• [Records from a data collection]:
============

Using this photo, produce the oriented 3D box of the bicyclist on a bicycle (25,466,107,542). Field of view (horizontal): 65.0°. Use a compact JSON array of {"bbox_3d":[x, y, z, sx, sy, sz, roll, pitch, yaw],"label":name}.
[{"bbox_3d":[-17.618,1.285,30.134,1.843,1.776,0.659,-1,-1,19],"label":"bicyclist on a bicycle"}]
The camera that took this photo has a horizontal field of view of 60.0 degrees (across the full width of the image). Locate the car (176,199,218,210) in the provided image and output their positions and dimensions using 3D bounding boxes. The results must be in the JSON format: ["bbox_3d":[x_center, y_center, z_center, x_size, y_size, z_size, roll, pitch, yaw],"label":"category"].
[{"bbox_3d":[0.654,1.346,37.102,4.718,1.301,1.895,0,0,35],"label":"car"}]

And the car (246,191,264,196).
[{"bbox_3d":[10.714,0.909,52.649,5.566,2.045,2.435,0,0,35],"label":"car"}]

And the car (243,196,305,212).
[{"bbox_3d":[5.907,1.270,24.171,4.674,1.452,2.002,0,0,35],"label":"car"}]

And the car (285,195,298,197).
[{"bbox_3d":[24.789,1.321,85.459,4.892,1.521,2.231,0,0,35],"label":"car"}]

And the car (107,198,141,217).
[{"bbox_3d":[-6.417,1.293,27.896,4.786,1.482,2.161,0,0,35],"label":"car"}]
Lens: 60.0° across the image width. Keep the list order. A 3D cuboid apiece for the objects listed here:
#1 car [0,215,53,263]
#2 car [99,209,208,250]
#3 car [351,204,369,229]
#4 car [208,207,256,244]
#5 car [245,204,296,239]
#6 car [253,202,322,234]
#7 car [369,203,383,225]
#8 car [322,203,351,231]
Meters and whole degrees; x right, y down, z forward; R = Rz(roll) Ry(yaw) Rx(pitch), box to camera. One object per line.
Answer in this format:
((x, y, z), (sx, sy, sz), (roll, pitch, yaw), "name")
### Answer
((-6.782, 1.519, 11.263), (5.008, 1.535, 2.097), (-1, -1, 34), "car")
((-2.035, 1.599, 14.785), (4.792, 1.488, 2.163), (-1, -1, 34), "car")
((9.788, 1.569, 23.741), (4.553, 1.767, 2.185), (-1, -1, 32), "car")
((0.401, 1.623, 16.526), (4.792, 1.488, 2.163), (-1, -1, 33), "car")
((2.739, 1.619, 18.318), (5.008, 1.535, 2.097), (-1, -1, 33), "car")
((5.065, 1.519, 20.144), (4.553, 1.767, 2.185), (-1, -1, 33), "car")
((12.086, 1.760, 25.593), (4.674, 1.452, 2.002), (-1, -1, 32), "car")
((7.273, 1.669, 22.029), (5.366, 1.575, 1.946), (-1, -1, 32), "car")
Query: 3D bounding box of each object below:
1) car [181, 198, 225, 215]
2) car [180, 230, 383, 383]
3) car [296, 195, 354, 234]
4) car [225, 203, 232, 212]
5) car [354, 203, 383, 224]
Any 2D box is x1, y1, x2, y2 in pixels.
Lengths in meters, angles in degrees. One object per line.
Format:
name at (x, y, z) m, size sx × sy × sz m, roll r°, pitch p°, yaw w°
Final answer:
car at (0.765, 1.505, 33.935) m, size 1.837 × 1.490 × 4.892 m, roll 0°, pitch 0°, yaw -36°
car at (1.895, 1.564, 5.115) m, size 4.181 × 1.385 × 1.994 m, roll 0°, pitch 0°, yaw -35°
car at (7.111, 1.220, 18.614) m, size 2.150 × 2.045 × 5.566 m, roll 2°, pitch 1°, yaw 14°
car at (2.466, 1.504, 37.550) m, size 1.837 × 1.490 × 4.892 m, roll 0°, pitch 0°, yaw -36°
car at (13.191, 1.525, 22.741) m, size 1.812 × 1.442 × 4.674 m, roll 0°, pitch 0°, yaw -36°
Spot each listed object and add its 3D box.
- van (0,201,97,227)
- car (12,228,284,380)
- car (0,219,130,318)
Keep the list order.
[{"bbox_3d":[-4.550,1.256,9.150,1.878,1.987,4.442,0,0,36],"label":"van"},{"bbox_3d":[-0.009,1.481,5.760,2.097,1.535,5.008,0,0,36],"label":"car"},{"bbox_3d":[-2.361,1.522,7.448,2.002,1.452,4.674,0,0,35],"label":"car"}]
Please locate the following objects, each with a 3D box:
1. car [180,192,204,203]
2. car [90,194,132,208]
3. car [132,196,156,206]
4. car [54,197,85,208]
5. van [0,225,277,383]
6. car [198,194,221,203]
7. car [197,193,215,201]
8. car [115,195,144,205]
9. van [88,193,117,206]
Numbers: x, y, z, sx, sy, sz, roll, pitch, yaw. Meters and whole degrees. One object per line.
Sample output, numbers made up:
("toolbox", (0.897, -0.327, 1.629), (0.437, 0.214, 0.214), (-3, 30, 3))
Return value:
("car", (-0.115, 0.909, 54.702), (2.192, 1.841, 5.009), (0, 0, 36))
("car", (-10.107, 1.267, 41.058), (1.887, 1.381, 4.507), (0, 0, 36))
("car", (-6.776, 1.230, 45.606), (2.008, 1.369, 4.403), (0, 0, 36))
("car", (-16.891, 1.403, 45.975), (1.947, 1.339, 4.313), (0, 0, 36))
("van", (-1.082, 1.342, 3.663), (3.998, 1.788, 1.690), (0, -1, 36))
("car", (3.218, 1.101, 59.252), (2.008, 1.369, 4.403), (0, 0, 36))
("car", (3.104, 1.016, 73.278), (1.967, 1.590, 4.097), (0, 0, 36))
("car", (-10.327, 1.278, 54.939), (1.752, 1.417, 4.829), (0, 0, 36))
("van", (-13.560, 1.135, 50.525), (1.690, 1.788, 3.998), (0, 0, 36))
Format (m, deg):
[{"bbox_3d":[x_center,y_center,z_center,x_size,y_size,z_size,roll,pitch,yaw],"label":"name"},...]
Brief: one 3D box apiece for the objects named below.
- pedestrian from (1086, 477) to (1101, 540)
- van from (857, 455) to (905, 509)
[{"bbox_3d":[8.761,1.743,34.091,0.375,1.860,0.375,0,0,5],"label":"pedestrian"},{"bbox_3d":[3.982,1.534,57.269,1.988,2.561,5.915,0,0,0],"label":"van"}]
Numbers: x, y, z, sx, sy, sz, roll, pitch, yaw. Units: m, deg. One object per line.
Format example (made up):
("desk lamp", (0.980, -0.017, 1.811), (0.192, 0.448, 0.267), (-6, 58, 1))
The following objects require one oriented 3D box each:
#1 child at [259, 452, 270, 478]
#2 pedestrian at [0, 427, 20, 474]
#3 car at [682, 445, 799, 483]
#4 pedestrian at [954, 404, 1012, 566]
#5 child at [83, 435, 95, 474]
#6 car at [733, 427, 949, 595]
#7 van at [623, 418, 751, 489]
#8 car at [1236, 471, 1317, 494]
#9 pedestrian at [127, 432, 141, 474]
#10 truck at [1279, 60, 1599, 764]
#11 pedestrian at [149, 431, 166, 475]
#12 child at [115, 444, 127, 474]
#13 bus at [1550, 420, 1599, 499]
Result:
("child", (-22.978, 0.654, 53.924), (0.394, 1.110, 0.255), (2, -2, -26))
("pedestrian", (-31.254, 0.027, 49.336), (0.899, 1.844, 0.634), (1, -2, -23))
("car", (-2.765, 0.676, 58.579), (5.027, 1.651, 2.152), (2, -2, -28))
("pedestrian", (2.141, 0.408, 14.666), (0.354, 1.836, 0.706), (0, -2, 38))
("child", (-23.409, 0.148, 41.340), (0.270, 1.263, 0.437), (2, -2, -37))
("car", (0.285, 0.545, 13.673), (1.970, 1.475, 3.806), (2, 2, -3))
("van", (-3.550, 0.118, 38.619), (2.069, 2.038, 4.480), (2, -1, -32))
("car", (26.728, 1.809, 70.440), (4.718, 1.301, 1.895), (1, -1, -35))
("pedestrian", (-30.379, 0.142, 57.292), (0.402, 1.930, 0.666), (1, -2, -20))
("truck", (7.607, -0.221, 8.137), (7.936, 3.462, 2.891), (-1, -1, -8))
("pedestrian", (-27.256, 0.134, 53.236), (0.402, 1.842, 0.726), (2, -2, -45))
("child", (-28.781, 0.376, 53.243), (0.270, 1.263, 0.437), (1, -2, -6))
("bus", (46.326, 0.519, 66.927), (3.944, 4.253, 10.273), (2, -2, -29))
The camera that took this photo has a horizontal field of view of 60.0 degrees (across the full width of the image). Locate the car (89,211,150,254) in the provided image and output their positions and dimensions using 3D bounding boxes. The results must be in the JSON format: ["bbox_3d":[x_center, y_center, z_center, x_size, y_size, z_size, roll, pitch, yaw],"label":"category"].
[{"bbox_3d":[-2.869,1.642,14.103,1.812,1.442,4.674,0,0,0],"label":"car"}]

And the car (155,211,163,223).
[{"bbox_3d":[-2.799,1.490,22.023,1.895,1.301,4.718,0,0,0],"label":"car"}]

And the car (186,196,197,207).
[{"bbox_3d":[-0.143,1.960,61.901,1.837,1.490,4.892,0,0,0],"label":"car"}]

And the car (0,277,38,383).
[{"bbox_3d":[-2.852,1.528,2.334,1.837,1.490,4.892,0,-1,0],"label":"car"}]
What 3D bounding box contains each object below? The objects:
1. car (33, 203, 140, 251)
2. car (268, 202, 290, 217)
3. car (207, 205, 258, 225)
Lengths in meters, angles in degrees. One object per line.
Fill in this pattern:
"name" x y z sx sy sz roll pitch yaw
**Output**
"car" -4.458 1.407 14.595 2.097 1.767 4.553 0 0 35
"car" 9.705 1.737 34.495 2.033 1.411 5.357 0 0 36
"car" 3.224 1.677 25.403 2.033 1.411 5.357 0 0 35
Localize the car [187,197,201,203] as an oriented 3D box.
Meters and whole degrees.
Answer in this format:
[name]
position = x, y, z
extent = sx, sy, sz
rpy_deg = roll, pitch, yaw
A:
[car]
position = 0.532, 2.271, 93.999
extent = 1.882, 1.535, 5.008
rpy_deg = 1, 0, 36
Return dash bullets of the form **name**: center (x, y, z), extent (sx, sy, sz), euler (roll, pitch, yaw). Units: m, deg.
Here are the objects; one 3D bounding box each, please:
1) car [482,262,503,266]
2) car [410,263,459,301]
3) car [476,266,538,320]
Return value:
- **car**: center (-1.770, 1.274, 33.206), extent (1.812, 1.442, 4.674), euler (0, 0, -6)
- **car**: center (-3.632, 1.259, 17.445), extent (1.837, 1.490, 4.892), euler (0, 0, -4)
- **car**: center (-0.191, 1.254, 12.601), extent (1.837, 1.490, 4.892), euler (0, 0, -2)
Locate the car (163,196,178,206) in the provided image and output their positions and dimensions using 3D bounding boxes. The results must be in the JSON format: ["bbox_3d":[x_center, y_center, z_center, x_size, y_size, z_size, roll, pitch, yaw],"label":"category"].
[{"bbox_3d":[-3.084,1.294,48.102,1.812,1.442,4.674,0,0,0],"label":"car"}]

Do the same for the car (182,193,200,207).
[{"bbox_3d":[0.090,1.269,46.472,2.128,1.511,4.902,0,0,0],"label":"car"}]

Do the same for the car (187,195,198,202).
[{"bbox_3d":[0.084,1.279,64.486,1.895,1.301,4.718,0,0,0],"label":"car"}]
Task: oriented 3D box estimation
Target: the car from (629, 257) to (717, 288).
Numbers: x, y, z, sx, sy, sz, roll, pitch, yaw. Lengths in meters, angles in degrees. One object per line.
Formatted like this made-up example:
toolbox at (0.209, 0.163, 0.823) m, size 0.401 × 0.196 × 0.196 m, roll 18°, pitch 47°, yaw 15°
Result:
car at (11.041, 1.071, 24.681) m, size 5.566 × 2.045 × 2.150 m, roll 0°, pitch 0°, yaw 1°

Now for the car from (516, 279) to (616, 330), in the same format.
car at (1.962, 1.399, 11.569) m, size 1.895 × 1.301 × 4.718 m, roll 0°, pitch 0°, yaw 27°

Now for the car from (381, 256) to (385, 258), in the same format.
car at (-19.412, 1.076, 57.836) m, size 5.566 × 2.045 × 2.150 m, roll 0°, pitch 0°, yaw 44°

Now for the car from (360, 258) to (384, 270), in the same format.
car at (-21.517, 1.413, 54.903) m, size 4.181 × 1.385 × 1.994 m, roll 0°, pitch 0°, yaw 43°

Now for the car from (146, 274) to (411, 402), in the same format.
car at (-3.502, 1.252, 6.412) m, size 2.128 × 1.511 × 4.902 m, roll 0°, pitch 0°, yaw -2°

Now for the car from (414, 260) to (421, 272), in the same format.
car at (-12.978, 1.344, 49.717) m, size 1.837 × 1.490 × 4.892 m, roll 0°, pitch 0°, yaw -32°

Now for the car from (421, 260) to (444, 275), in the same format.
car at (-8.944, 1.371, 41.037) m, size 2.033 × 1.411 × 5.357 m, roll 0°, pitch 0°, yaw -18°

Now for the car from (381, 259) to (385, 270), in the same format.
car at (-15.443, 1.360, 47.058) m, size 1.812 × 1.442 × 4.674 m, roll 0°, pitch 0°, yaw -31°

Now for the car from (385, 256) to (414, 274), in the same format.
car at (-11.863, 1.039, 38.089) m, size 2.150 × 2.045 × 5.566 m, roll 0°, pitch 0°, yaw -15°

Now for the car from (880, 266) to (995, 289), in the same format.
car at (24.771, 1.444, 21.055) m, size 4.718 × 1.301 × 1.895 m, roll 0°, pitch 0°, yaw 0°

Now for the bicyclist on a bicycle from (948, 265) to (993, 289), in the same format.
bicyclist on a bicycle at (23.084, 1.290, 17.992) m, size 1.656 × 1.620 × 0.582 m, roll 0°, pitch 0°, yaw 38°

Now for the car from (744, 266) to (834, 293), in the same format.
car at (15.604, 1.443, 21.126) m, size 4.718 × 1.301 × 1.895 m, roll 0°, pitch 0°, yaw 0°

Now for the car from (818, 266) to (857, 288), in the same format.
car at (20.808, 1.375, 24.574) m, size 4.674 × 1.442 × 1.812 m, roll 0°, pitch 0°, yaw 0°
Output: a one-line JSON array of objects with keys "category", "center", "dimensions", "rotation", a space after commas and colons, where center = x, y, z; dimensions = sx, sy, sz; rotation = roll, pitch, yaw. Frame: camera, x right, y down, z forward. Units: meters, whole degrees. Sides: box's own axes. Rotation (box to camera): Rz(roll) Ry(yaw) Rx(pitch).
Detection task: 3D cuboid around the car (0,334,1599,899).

============

Search the data for the string "forward" and copy each line where it appears.

Meters and whole degrees; x right, y down, z forward; R = Rz(roll) Ry(yaw) Rx(pitch), box to camera. One object per line.
Output: a one-line JSON array of objects with keys "category", "center", "dimensions", "rotation", a space after commas and colons, where center = x, y, z; dimensions = sx, sy, sz; rotation = roll, pitch, yaw. Frame: camera, x right, y down, z forward. Units: meters, whole degrees. Sides: box's own axes. Rotation (box to camera): Rz(roll) Ry(yaw) Rx(pitch).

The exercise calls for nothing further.